This Python solution builds a regex from parts indexed by the command line argument, then tests each word with that (rather large) regex.

import re,sys
a='[sz] (d|th?) n m r l (j|sh|ch) [kcgq] [fv] [pb]'.split()
b=z='((?<![sc])h|[aeiouwxy])*'
for i in sys.argv[1]:b+=a[int(i)]+z
for d in open('f'):
 d=d.strip()
 if re.match('^'+b+'$',d):print d

Original source before the minifier:

import re,sys
regexbits = '[sz] (d|th?) n m r l (j|sh|ch) [kcgq] [fv] [pb]'.split()

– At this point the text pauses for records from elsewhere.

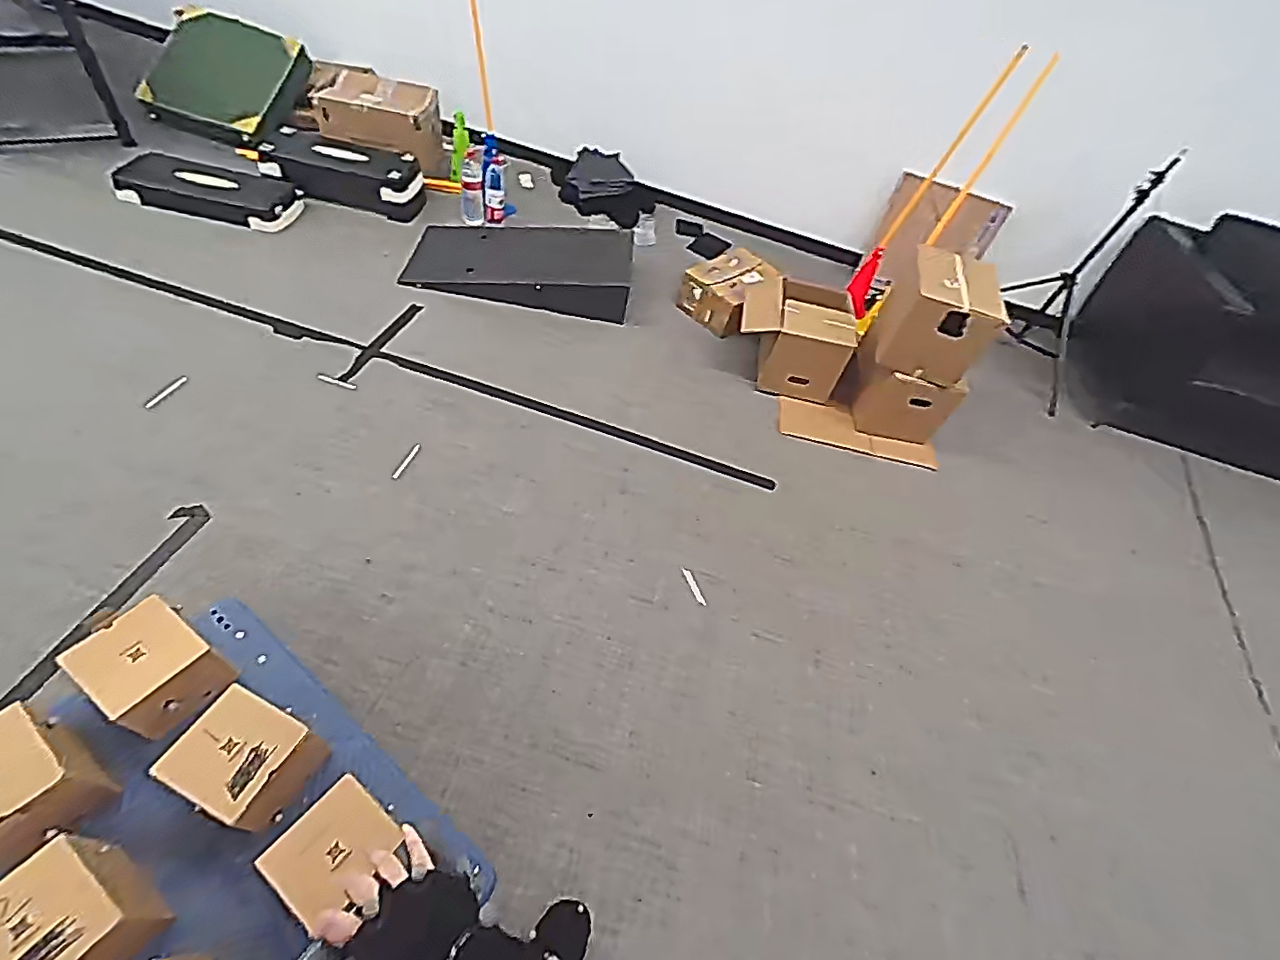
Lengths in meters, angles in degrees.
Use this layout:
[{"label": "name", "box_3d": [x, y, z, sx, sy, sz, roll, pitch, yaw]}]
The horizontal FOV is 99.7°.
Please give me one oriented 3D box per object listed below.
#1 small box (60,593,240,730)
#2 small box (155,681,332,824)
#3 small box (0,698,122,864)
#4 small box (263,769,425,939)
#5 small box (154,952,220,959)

regex = other = '((?<![sc])h|[aeiouwxy])*'
for i in sys.argv[1] :
    regex += regexbits[int(i)] + other
print regex     # DEBUG

for word in open('f'):
    word = word.strip()
    if re.match('^'+regex+'$', word) :
        print word

For example, the regex for the test 99 is:

^((?<![sc])h|[aeiouwxy])*[pb]((?<![sc])h|[aeiouwxy])*[pb]((?<![sc])h|[aeiouwxy])*$

The (?<![sc])h bit is a "look behind negative assertion" component that makes sure a h does not follow a s or c in the general filler parts.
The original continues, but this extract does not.